WORK TO COMPLETE:
Within the records below, filter for lines carrying the word "listed" and copy them.

RECORDS FOR PROCESSING:

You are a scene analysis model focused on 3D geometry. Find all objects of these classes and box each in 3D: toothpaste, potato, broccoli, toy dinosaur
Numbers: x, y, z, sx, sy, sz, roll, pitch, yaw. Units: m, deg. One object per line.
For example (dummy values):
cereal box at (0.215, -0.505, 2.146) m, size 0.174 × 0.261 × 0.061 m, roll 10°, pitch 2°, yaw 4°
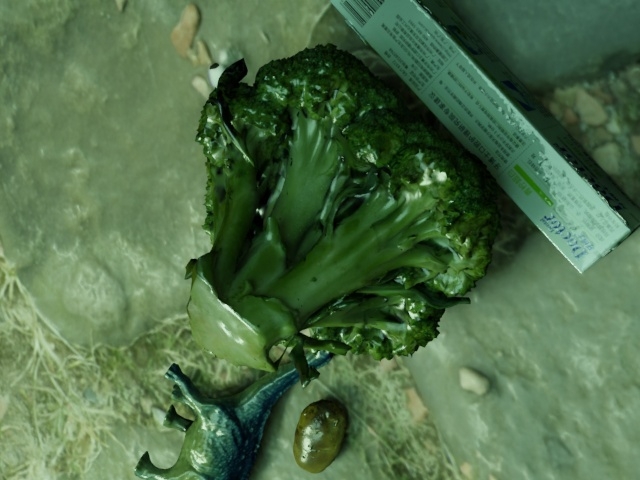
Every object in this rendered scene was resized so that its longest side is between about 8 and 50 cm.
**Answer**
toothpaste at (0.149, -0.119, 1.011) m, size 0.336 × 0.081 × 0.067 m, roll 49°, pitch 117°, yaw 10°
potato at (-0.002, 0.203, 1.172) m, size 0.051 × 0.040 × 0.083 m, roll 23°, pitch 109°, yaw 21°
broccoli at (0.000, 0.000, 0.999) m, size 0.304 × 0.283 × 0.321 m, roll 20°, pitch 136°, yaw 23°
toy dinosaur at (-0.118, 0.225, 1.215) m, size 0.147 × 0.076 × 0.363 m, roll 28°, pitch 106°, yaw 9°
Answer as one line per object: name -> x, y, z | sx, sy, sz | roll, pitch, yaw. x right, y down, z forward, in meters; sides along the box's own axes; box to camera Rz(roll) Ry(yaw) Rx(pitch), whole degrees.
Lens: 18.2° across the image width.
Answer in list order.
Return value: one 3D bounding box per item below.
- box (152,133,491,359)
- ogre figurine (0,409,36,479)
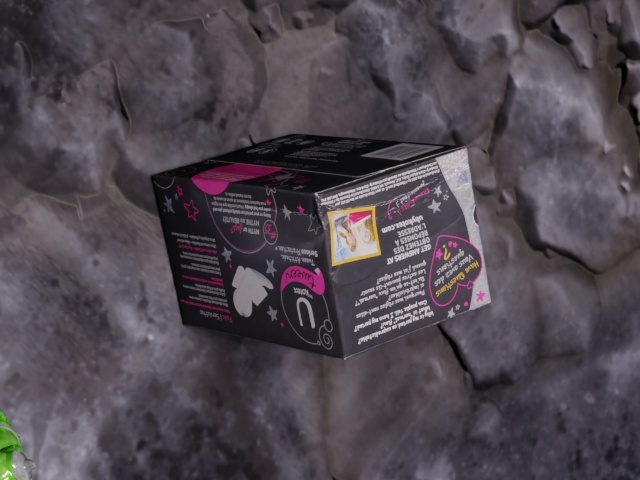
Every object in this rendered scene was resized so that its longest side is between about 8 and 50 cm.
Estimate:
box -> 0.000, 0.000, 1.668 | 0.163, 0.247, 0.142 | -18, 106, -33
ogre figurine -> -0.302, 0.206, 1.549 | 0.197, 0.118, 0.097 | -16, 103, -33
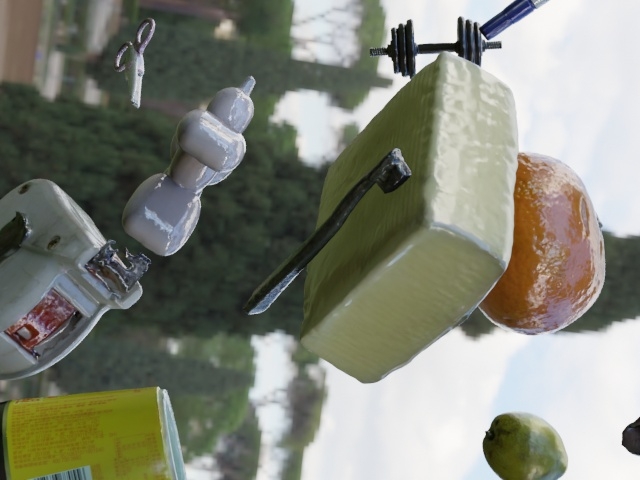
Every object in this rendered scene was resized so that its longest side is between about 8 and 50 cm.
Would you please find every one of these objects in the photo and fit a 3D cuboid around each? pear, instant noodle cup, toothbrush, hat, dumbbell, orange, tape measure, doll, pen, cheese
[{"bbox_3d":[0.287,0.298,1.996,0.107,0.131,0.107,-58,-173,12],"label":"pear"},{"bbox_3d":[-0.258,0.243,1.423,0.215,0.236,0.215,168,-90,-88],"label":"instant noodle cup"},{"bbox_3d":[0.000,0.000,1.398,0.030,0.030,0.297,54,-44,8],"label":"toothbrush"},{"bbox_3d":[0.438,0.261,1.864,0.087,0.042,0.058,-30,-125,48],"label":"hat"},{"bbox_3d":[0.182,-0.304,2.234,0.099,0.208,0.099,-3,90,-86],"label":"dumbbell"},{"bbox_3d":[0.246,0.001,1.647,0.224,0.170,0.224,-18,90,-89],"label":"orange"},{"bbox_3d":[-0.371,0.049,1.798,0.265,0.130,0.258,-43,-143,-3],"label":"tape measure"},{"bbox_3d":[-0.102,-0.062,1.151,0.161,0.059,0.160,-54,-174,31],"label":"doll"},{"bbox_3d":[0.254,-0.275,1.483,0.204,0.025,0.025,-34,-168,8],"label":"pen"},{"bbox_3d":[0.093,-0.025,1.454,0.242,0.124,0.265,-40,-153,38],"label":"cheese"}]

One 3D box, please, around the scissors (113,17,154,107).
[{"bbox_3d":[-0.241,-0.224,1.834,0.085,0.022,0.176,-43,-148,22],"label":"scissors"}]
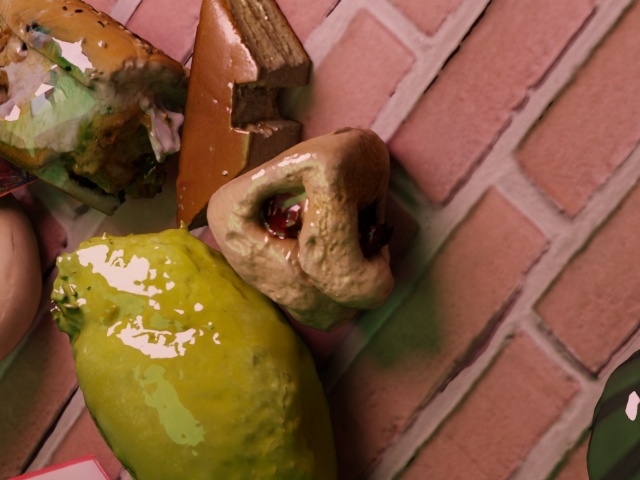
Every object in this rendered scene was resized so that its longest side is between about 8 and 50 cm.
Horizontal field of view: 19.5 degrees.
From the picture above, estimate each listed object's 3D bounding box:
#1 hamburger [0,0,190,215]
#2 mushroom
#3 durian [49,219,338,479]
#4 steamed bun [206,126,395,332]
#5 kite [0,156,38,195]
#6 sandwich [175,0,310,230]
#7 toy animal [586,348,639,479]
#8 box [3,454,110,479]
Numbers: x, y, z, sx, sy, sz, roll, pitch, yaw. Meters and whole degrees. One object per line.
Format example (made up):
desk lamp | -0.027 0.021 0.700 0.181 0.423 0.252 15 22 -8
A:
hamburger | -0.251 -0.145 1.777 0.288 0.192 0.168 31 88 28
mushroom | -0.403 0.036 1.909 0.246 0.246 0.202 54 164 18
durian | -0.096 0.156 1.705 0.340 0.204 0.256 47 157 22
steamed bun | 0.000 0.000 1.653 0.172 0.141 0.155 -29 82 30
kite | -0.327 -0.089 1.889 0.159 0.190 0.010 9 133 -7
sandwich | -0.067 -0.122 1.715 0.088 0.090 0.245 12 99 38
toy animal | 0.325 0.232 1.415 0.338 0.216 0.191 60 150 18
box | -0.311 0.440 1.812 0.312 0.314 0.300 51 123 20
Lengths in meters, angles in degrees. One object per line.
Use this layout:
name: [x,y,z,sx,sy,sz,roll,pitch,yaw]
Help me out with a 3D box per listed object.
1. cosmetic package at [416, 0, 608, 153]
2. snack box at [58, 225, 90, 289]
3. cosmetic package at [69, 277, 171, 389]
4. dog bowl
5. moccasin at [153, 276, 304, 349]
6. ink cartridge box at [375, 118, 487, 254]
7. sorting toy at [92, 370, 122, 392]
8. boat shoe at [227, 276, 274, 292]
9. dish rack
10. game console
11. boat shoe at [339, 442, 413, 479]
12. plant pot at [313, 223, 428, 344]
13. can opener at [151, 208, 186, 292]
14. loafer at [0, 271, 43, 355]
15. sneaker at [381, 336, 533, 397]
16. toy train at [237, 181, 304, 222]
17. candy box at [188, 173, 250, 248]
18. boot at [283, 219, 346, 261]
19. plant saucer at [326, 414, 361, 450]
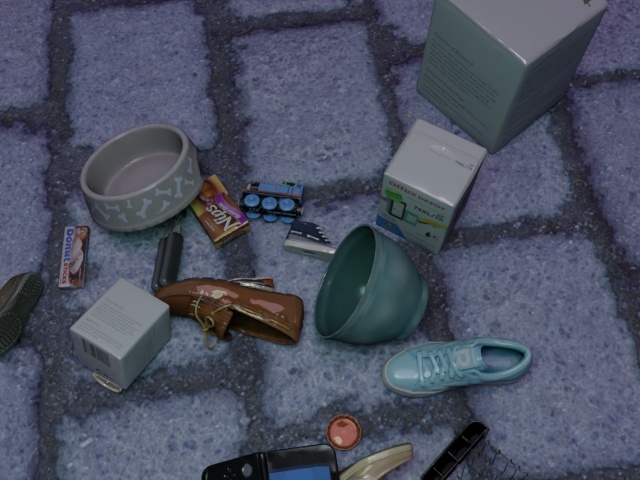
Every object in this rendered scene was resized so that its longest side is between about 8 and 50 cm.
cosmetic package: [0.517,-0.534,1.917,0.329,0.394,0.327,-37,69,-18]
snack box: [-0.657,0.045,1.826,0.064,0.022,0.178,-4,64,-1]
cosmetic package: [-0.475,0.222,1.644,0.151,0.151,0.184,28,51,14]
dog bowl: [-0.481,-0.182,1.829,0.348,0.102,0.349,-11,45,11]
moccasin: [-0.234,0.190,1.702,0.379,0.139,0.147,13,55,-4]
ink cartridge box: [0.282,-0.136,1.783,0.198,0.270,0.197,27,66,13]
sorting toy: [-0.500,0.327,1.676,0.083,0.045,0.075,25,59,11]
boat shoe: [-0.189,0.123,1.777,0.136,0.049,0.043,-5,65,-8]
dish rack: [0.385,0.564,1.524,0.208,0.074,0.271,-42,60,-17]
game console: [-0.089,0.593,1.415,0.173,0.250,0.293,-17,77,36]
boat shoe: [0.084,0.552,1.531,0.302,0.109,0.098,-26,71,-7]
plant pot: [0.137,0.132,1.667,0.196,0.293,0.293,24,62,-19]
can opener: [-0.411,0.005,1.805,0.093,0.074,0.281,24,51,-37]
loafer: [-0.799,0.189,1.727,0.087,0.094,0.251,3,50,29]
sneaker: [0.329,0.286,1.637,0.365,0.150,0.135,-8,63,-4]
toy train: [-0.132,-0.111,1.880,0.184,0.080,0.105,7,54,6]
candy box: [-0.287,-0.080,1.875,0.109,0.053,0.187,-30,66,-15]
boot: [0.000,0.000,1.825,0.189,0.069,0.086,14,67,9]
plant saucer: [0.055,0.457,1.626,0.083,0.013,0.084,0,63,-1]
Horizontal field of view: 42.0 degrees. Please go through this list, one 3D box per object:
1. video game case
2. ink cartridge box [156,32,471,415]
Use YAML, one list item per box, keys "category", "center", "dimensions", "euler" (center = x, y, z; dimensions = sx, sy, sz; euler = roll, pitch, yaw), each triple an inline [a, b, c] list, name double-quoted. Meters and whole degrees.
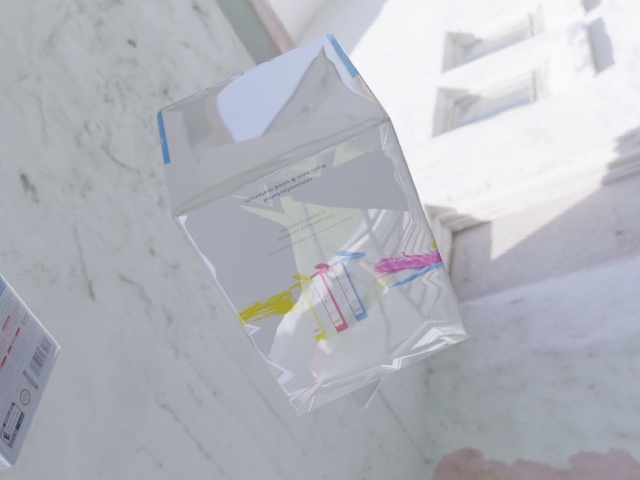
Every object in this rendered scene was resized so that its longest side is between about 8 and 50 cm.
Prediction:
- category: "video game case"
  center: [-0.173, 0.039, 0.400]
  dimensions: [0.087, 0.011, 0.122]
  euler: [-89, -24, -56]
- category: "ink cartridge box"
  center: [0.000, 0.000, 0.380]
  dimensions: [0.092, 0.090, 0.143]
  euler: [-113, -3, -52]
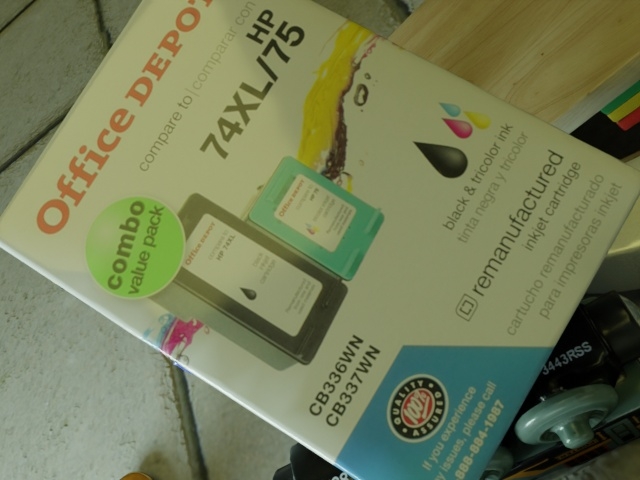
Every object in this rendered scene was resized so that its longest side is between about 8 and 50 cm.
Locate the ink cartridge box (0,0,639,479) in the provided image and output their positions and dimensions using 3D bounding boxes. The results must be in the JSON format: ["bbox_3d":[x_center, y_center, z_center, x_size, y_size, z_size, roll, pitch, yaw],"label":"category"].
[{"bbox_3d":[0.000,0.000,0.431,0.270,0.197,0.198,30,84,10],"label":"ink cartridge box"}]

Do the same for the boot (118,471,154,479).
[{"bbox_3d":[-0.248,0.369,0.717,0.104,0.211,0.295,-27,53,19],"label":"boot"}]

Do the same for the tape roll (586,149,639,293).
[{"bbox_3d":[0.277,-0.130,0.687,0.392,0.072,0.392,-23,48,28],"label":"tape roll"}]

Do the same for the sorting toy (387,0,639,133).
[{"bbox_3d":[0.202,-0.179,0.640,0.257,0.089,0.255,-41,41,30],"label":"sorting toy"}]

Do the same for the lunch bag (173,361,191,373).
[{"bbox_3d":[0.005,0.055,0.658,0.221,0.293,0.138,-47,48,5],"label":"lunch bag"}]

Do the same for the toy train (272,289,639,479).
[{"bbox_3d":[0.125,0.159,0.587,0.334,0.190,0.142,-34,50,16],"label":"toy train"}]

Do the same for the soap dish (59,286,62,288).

REPLY TO THE TASK:
From the picture above, estimate each listed object's 3D bounding box:
Help me out with a 3D box per listed object.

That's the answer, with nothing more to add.